→ TO DO:
Your task is to repeat all of the data exactly while excluding the pictures.

→ EXCERPTED DATA:

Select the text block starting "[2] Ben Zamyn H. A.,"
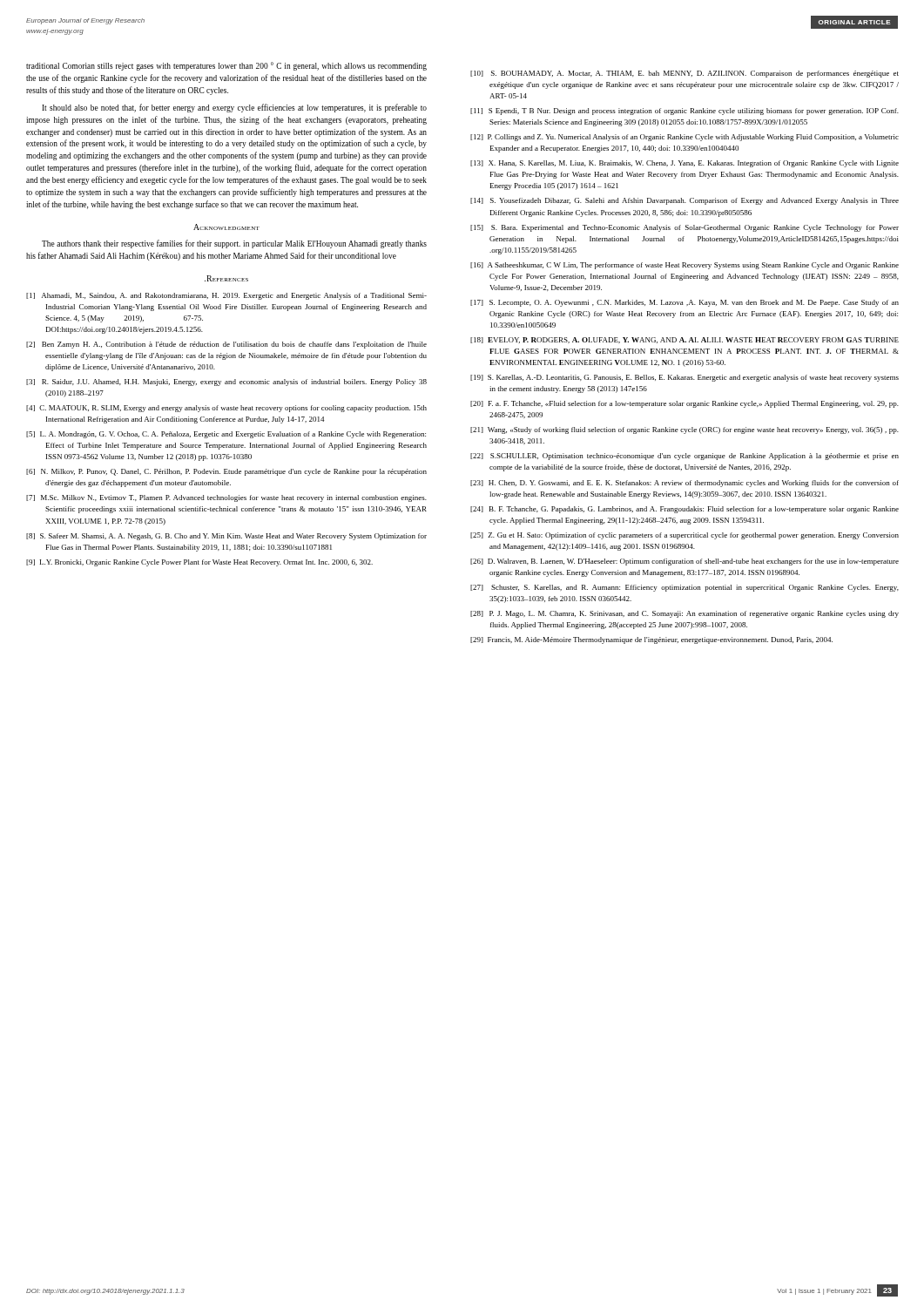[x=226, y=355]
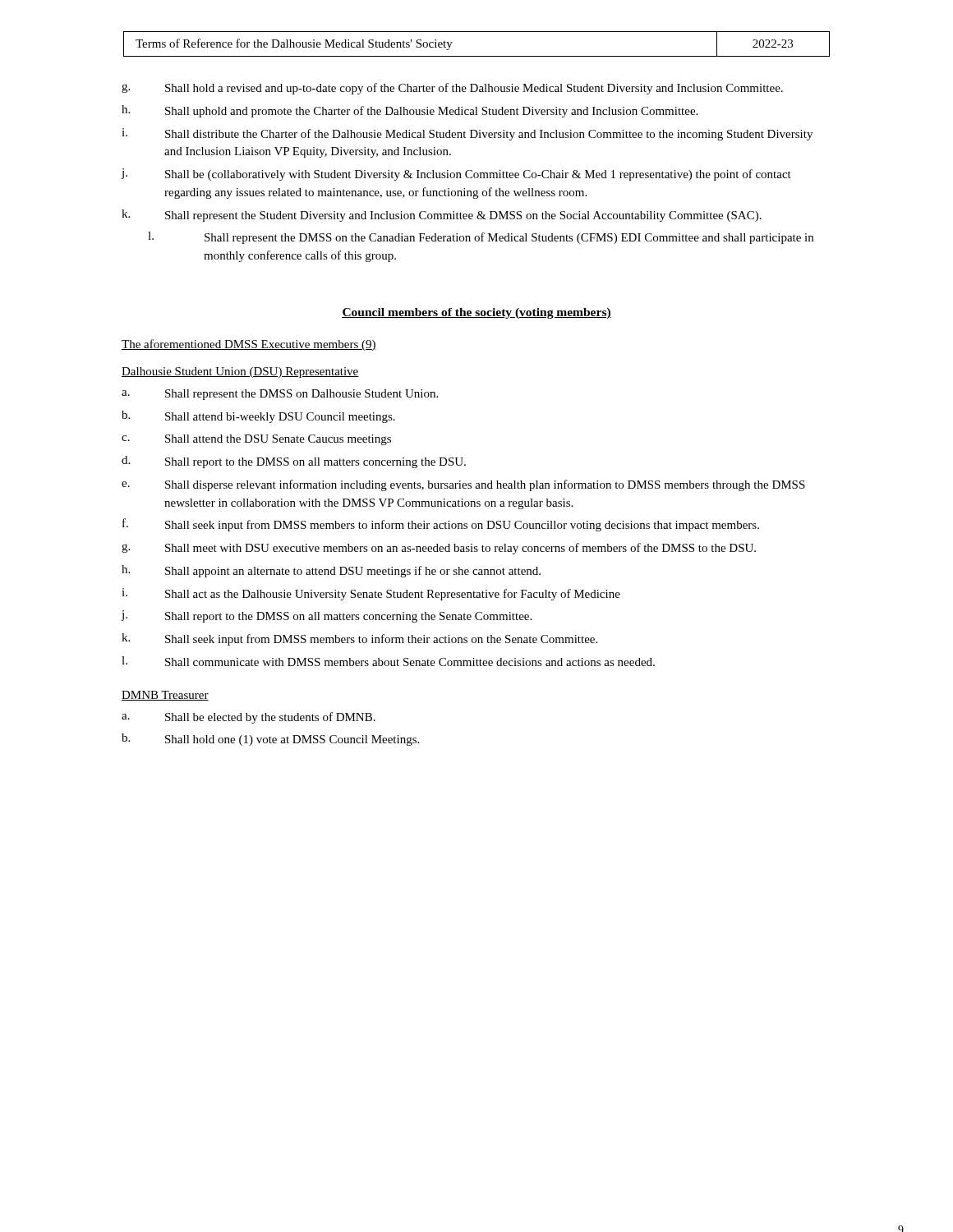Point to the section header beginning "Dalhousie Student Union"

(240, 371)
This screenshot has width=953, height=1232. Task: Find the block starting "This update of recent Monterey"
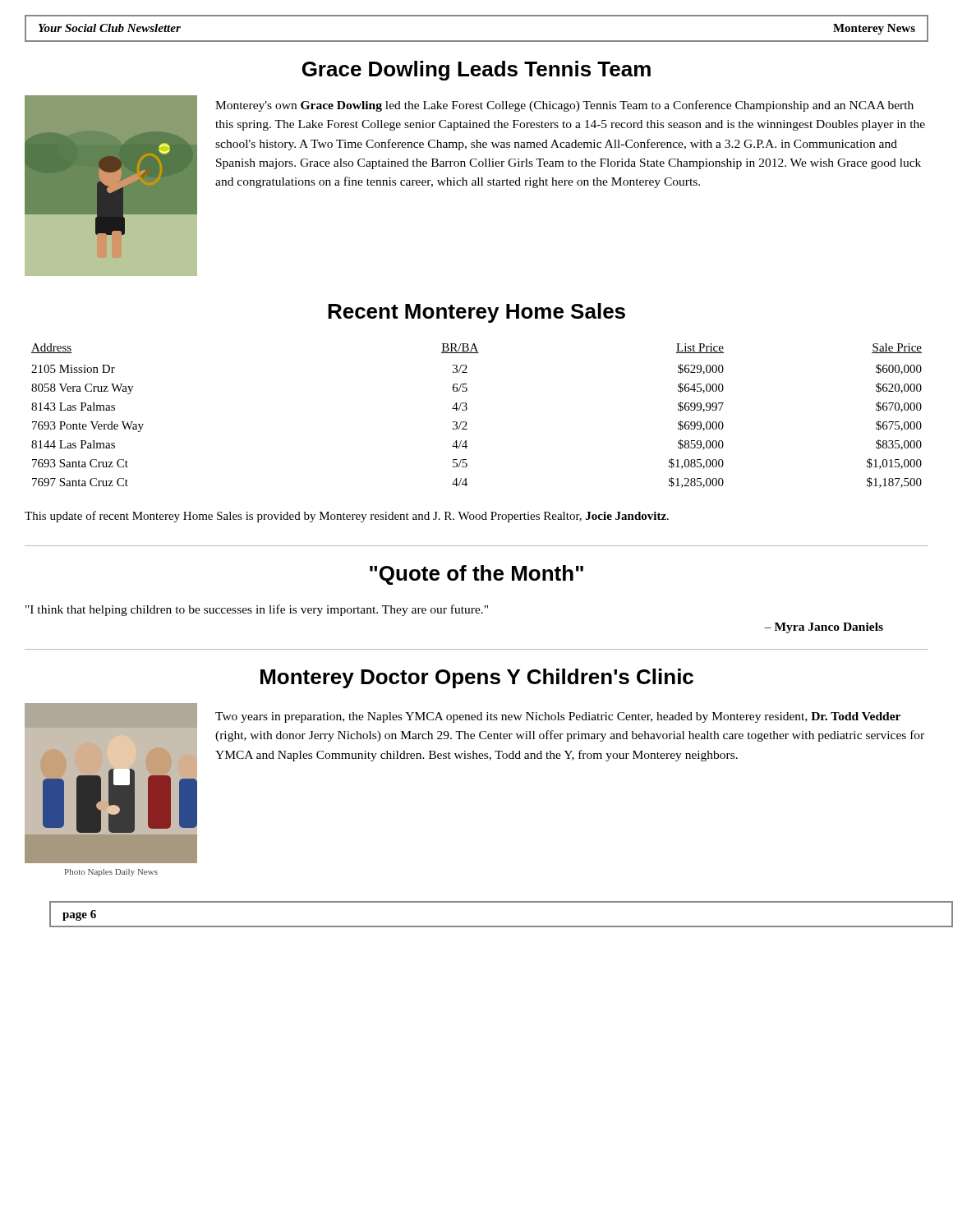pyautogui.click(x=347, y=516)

→ EXERCISE ANSWER:
Select the text block starting "[2] Ben Zamyn H. A.,"
[x=226, y=355]
Point to the section header beginning "Dalhousie Student Union"

(240, 371)
This screenshot has width=953, height=1232. Task: Find the block starting "This update of recent Monterey"
pyautogui.click(x=347, y=516)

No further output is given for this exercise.